A massa de desesperados nada ouvia, entrando e empurrando o casal junto com eles. Paulo segurava com força o braço da futura esposa, puxando-a contra a parede. Com dificuldade, foi caminhando para a porta, vendo a fumaça negra que escurecia o lugar e penetrava atrás das pessoas, como que as perseguindo de forma implacável.
Era impossível ver direito, mas ele sentia que não havia chamas. O fogo consumiu a espuma do teto queimando-a toda. Entretanto, foi combustível insuficiente para um incêndio mais vasto, tanto que o calor, apesar de elevado, era suportável. Ciente dos perigos, gritou para Joana:
– Amor, evita respirar isso. – Notou que o caminho ficava livre e alcançaram a porta, indo para o salão principal, onde já não se ouvia grande coisa a não ser tosses e respirações chiadas ocasionais. Aos poucos, até isso cessava.
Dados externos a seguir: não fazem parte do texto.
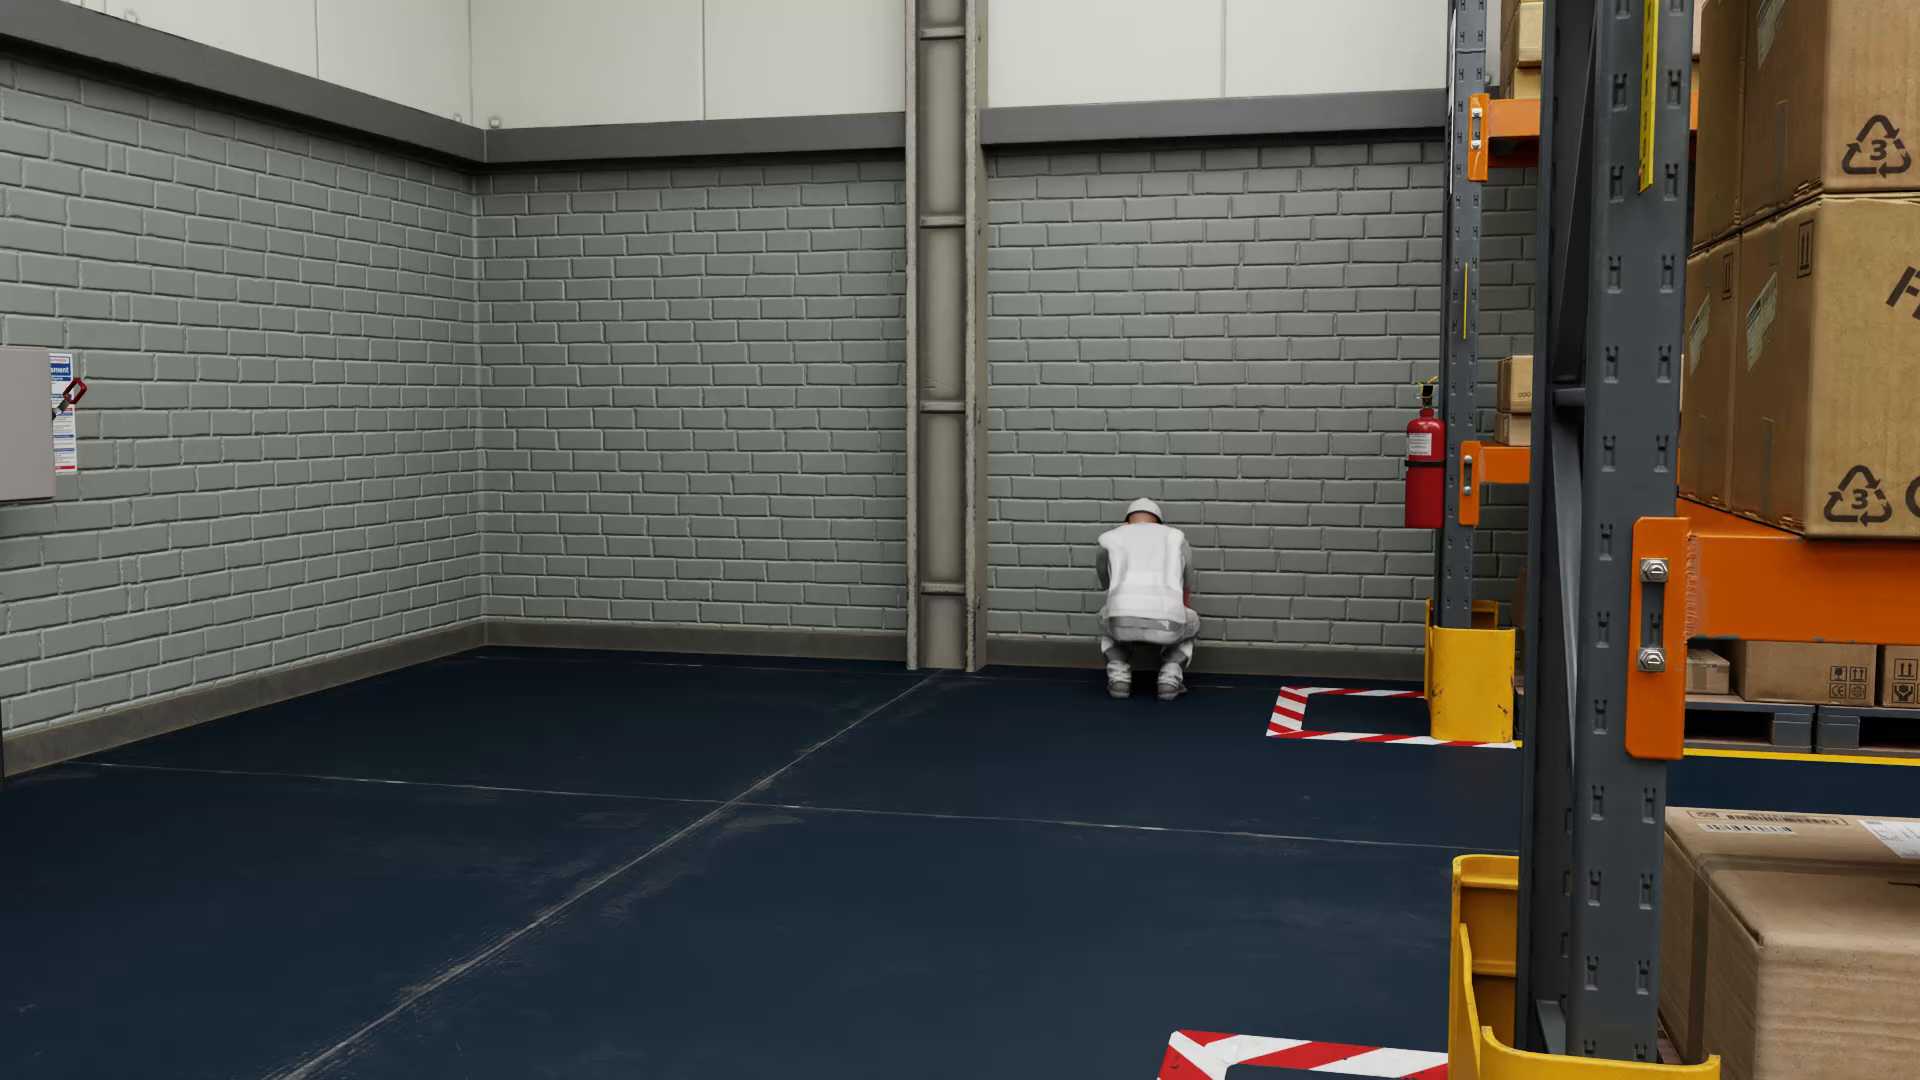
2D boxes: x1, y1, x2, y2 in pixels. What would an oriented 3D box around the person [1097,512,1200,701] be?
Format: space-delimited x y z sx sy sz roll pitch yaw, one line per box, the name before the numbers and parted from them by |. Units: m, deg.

Infelizmente, nada viam e precisavam de caminhar muito cuidadosamente, procurando a saída com dificuldade. Sempre mantendo a mão da Joana bem apertada, Paulo procurava alcançar a porta da rua. Os olhos ardiam muito e os pulmões queimavam, já tornando a respiração insuportável, como se estivesse com uma forte asma. Joana começou a tossir e arquejar, cada vez pior, enquanto os seus pulmões chiavam intensamente na busca de ar puro que não existia ali. Paulo sentia-se igualmente mal, mas lutava com todas as forças para os salvar quando Joana tropeçou num corpo e caiu. O noivo tentou ajudá-la a levantar-se, porém nenhum dos dois tinha mais forças. Ela deixou-se ficar no chão, entregando os pontos.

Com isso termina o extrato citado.